X shape is:  (39774, 3187) Y shape is (39774,)


In [29]:
##make sure there are no nan values
np.any(np.isnan(X)), np.any(np.isnan(Y))

(False, False)

In [30]:
## Next we check that our one hot encoding worked, and that we have 1 values in our empty matrix
sum = 0
for item in X:
    for num in item: 
        sum = sum + num

In [31]:
print(sum)

752205.0


## E)

In [37]:
##Gaussian Naive Bayes
gnb = GaussianNB()
scores_gnb = cross_validation.cross_val_score(gnb, X, Y, cv=3)
scores_gnb.mean()

0.26502153877819484

In [38]:
##Bernouli Naive Bayes
bnb = BernoulliNB()
scores_bnb = cross_validation.cross_val_score(bnb, X, Y, cv=3)
scores_bnb.mean()

0.71317996873139122

If we look at naive Bayes, there is a drastic difference in performance.
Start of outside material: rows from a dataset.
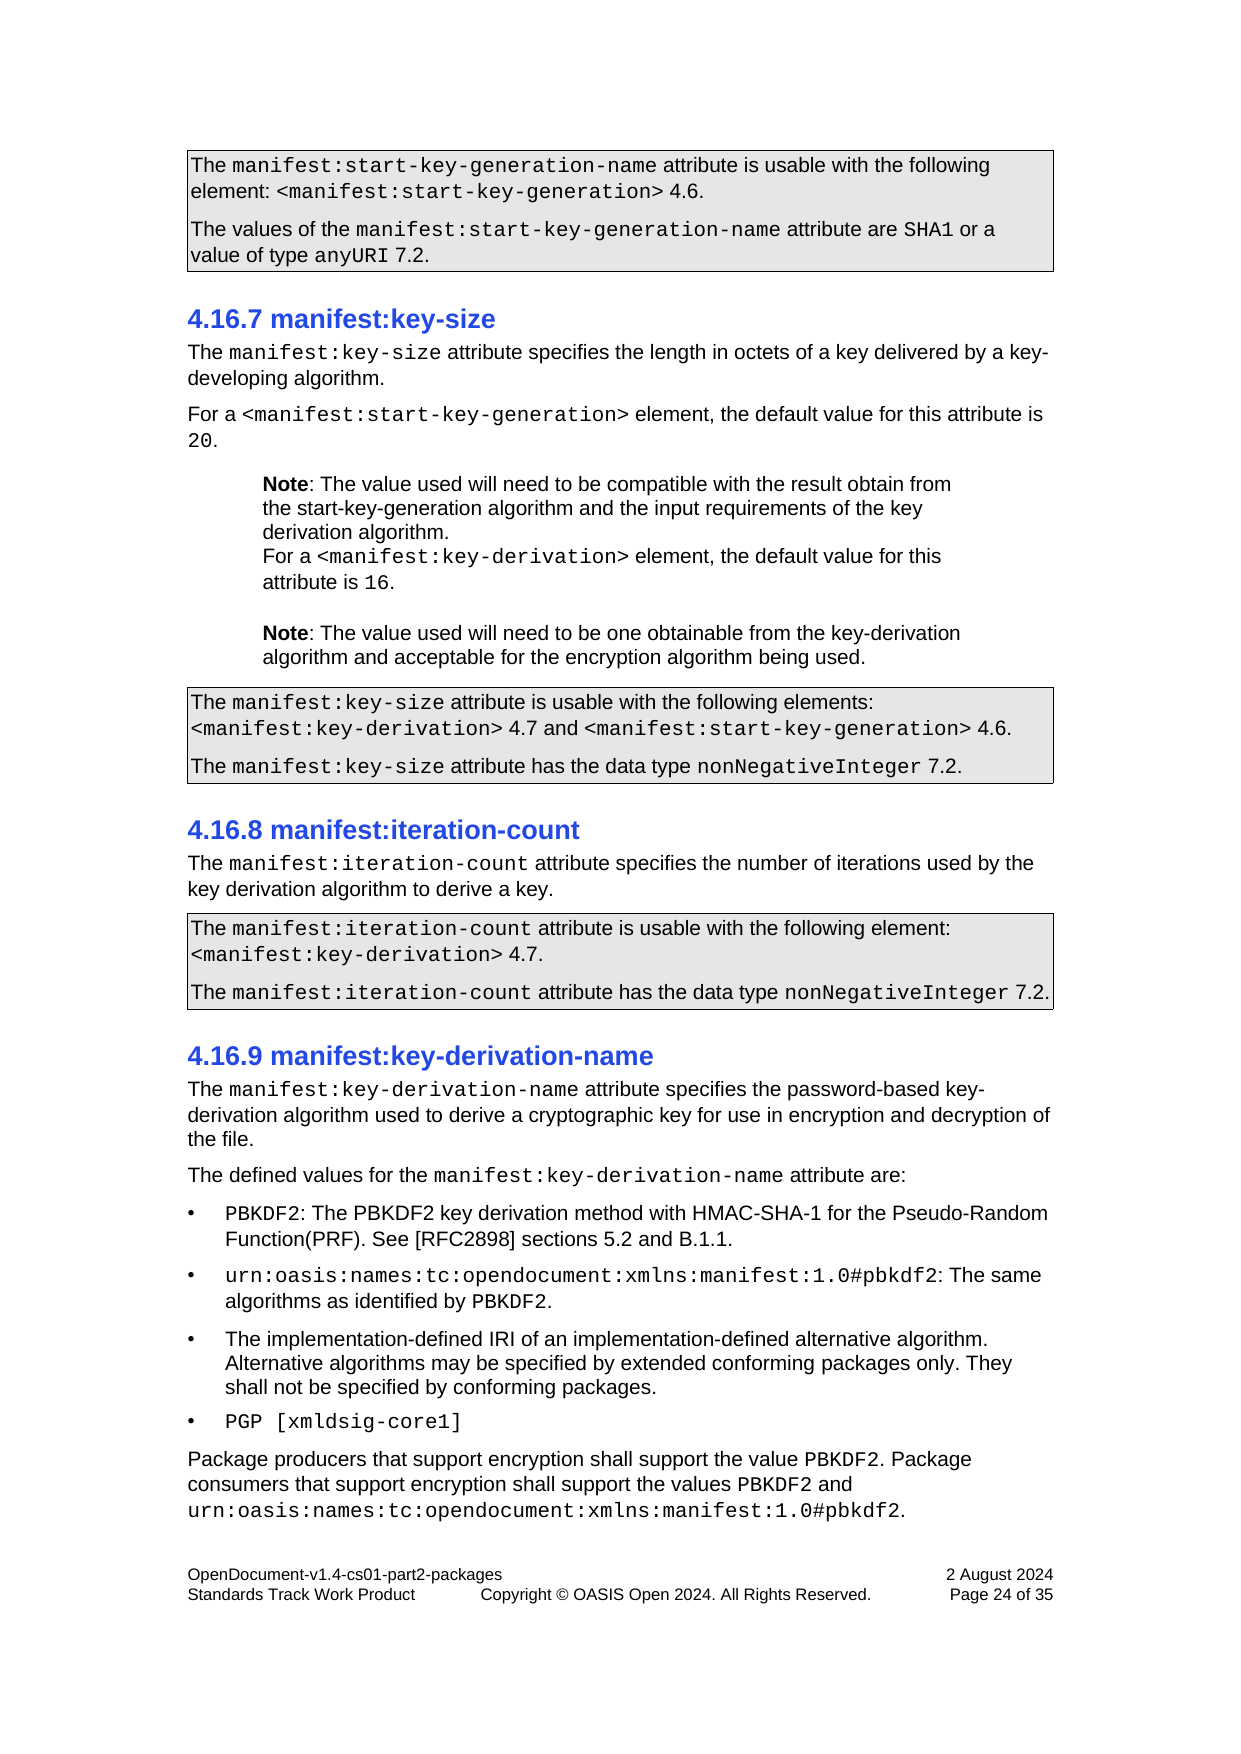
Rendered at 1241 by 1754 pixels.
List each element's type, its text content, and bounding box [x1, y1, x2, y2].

text The manifest:key-size attribute specifies the length in octets of a key delivered by a key-developing algorithm. [187, 340, 1053, 390]
subtitle manifest:key-derivation-name [187, 1040, 1053, 1071]
list urn:oasis:names:tc:opendocument:xmlns:manifest:1.0#pbkdf2: The same algorithms as identified by PBKDF2. [187, 1263, 1053, 1314]
list The manifest:key-size attribute is usable with the following elements: <manifest:key-derivation> 4.7 and <manifest:start-key-generation> 4.6. [188, 688, 1053, 742]
subtitle manifest:key-size [187, 303, 1053, 334]
list The values of the manifest:start-key-generation-name attribute are SHA1 or a value of type anyURI 7.2. [188, 214, 1053, 271]
text The manifest:iteration-count attribute specifies the number of iterations used by the key derivation algorithm to derive a key. [187, 851, 1053, 901]
list The implementation-defined IRI of an implementation-defined alternative algorithm. Alternative algorithms may be specified by extended conforming packages only. They shall not be specified by conforming packages. [187, 1327, 1053, 1399]
text Package producers that support encryption shall support the value PBKDF2. Package consumers that support encryption shall support the values PBKDF2 and urn:oasis:names:tc:opendocument:xmlns:manifest:1.0#pbkdf2. [187, 1446, 1053, 1524]
text Note: The value used will need to be one obtainable from the key-derivation algorithm and acceptable for the encryption algorithm being used. [262, 621, 978, 668]
list The manifest:key-size attribute has the data type nonNegativeInteger 7.2. [188, 751, 1053, 783]
text The manifest:key-derivation-name attribute specifies the password-based key-derivation algorithm used to derive a cryptographic key for use in encryption and decryption of the file. [187, 1077, 1053, 1151]
list The manifest:iteration-count attribute has the data type nonNegativeInteger 7.2. [188, 977, 1053, 1009]
list The manifest:iteration-count attribute is usable with the following element: <manifest:key-derivation> 4.7. [188, 914, 1053, 968]
list PBKDF2: The PBKDF2 key derivation method with HMAC-SHA-1 for the Pseudo-Random Function(PRF). See [RFC2898] sections 5.2 and B.1.1. [187, 1201, 1053, 1251]
list PGP [xmldsig-core1] [187, 1411, 1053, 1434]
text For a <manifest:start-key-generation> element, the default value for this attribute is 20. [187, 402, 1053, 453]
subtitle manifest:iteration-count [187, 814, 1053, 845]
text Note: The value used will need to be compatible with the result obtain from the start-key-generation algorithm and the input requirements of the key derivation algorithm. For a <manifest:key-derivation> element, the default value for this attribute is 16. [262, 472, 978, 596]
text The defined values for the manifest:key-derivation-name attribute are: [187, 1163, 1053, 1189]
list The manifest:start-key-generation-name attribute is usable with the following element: <manifest:start-key-generation> 4.6. [188, 151, 1053, 205]

Bernoulli NB almost performs as well as Logistic Regression with a perfomance of .71. Gaussian on the other hand performs with a very poor rate of .26. A possible explanation is that the Bernoulli distribution more closely matches the Yummly data set, and Gaussian distriutions do not do a particularly good job of modeling the data. Additionally, Bernoulli Naive Bayes by its very nature is designed to only deal with binary values. Since our data is one hot encoded, it is enginerred more for Bernoulli then Gaussian. 

## F

In [40]:
scores = cross_validation.cross_val_score(LogisticRegression(), X, Y, cv=3)
scores.mean()

0.78199308839376502

We see as expected that with 3 Fold Cross Validation, Logistic Regression performs the best with projected perfomance of .78.